Exercise description.
Go through the entries and copy every one exactly.

Exercise inputs.
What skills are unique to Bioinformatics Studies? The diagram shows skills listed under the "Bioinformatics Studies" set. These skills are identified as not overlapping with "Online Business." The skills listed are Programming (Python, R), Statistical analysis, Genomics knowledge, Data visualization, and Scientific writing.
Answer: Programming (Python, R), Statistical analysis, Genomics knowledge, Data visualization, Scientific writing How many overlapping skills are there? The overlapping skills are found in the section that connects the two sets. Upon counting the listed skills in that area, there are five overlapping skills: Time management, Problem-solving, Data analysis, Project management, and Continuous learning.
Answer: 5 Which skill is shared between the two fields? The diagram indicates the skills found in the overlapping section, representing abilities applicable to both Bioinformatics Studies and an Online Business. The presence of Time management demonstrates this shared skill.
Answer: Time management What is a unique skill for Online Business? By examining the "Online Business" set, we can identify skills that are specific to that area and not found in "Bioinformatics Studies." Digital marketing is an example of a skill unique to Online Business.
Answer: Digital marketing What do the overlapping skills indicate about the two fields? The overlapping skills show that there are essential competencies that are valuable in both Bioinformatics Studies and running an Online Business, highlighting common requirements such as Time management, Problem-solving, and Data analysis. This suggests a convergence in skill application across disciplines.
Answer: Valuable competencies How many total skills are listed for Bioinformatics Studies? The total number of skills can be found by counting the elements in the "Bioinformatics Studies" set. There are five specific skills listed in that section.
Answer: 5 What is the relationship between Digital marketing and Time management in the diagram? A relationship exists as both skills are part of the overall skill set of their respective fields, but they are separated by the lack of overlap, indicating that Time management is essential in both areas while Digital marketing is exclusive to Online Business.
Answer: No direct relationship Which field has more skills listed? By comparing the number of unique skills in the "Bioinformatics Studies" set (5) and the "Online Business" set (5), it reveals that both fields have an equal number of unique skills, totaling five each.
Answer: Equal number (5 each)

Task answer.
What skills are unique to Bioinformatics Studies? The diagram shows skills listed under the "Bioinformatics Studies" set. These skills are identified as not overlapping with "Online Business." The skills listed are Programming (Python, R), Statistical analysis, Genomics knowledge, Data visualization, and Scientific writing.
Answer: Programming (Python, R), Statistical analysis, Genomics knowledge, Data visualization, Scientific writing How many overlapping skills are there? The overlapping skills are found in the section that connects the two sets. Upon counting the listed skills in that area, there are five overlapping skills: Time management, Problem-solving, Data analysis, Project management, and Continuous learning.
Answer: 5 Which skill is shared between the two fields? The diagram indicates the skills found in the overlapping section, representing abilities applicable to both Bioinformatics Studies and an Online Business. The presence of Time management demonstrates this shared skill.
Answer: Time management What is a unique skill for Online Business? By examining the "Online Business" set, we can identify skills that are specific to that area and not found in "Bioinformatics Studies." Digital marketing is an example of a skill unique to Online Business.
Answer: Digital marketing What do the overlapping skills indicate about the two fields? The overlapping skills show that there are essential competencies that are valuable in both Bioinformatics Studies and running an Online Business, highlighting common requirements such as Time management, Problem-solving, and Data analysis. This suggests a convergence in skill application across disciplines.
Answer: Valuable competencies How many total skills are listed for Bioinformatics Studies? The total number of skills can be found by counting the elements in the "Bioinformatics Studies" set. There are five specific skills listed in that section.
Answer: 5 What is the relationship between Digital marketing and Time management in the diagram? A relationship exists as both skills are part of the overall skill set of their respective fields, but they are separated by the lack of overlap, indicating that Time management is essential in both areas while Digital marketing is exclusive to Online Business.
Answer: No direct relationship Which field has more skills listed? By comparing the number of unique skills in the "Bioinformatics Studies" set (5) and the "Online Business" set (5), it reveals that both fields have an equal number of unique skills, totaling five each.
Answer: Equal number (5 each)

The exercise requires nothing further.